While comparing the overall DIC values provides interesting interpretations and provides evidence to rule out some models, our primary interest is in the patterns of local DIC values by sector. The local DIC for each sector for Models 1-6 is mapped in Figure 2. The sectors are labeled with identification numbers in the local DIC map for Model 1 and are shaded by local DIC value using a natural break classification scheme based on the values for Model 2. The overall pattern in local DIC values for Model 1 shows clear spatial variation in DIC, with higher DIC values tending to be found in the urban center areas and lower DIC values located in the peripheral urban areas. For this study, the overall pattern in DIC by sector can be at least partly explained by the number of women sampled residing in each sector, as the aggregated observations in more populous areas, where more women were sampled, tend to result in larger DIC values. In general, however, plotting local DIC values should be illuminating to any pattern in model adequacy.

Figure 2. Local DIC for models 1 through 6 with sectors labeled by identifiers in the Model 1 map.

Figure 2

Perhaps more interesting in this analysis, is the relative comparison of patterns of local DIC among models. According to the overall DIC values, Model 2 improves on Model 1 overall, however, in comparing the local DIC maps for models 1 and 2, it is clear that adding the sex for money covariate in Model 2 has reduced the DIC from Model 1 in certain areas, such as sectors 4, 51, 48, and 53. Sector 4, coincidently, has one of the highest counts of women who have ever exchanged sex for money in order to support themselves. In a similar comparison, Model 3 reduced the DIC in sectors 2 and 45. These visual comparisons are revealing, although they do not show precisely how much local DIC values change between models.

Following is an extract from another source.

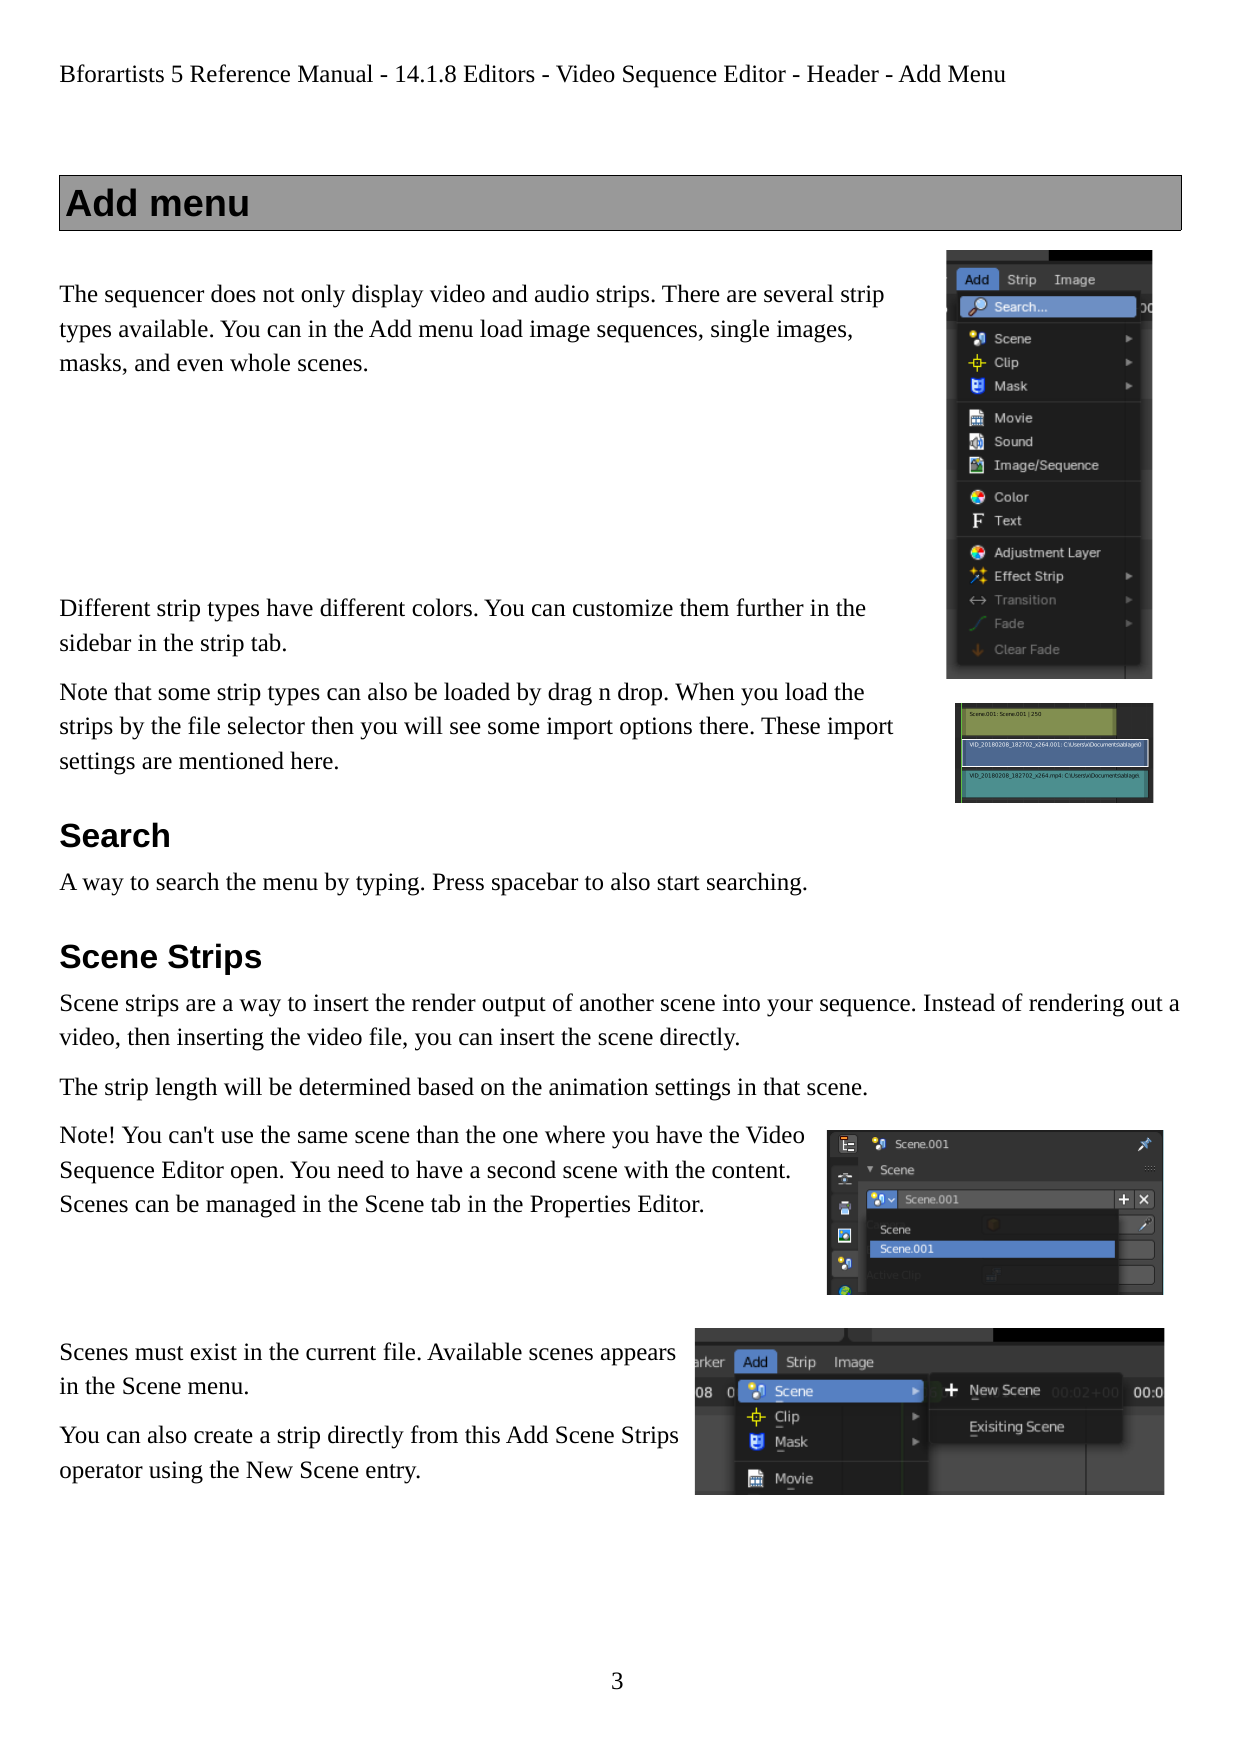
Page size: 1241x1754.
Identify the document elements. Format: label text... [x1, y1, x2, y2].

We later address this with maps of local DIC differences between models. There appear to be no differences in local DIC values between models 3 and 4 using the current choropleth classification. The difference in overall DIC between these models is approximately 6, coming from an aggregation over 54 sectors, so it is not surprising that the patterns in local DIC are similar. In addition, the pattern in local DIC values for Model 6 is similar to models 3 and 4. Again, there is a relatively little difference in overall DIC between these models. To closer look at differences in local DIC between pairs of models, the local DIC values for Model 3 versus Model 2 and Model 4 versus Model 3 are plotted in Figure 3. These scatter plots show that the main decrease in local DIC from Model 2 to Model 3 comes in sector 2, and that there is no noticeable change in DIC for any sector when going from Model 3 to Model 4. This latter result again illustrates that it is not necessary to induce correlation in the random effects with these data. While in practice, based on the overall DIC values, one would select Model 3 over Model 4, partitioning the DIC by sector reveals that the decrease in DIC from using Model 3 is not derived from one sector or a group of sectors in particular, but rather from small decreases across the entire study area.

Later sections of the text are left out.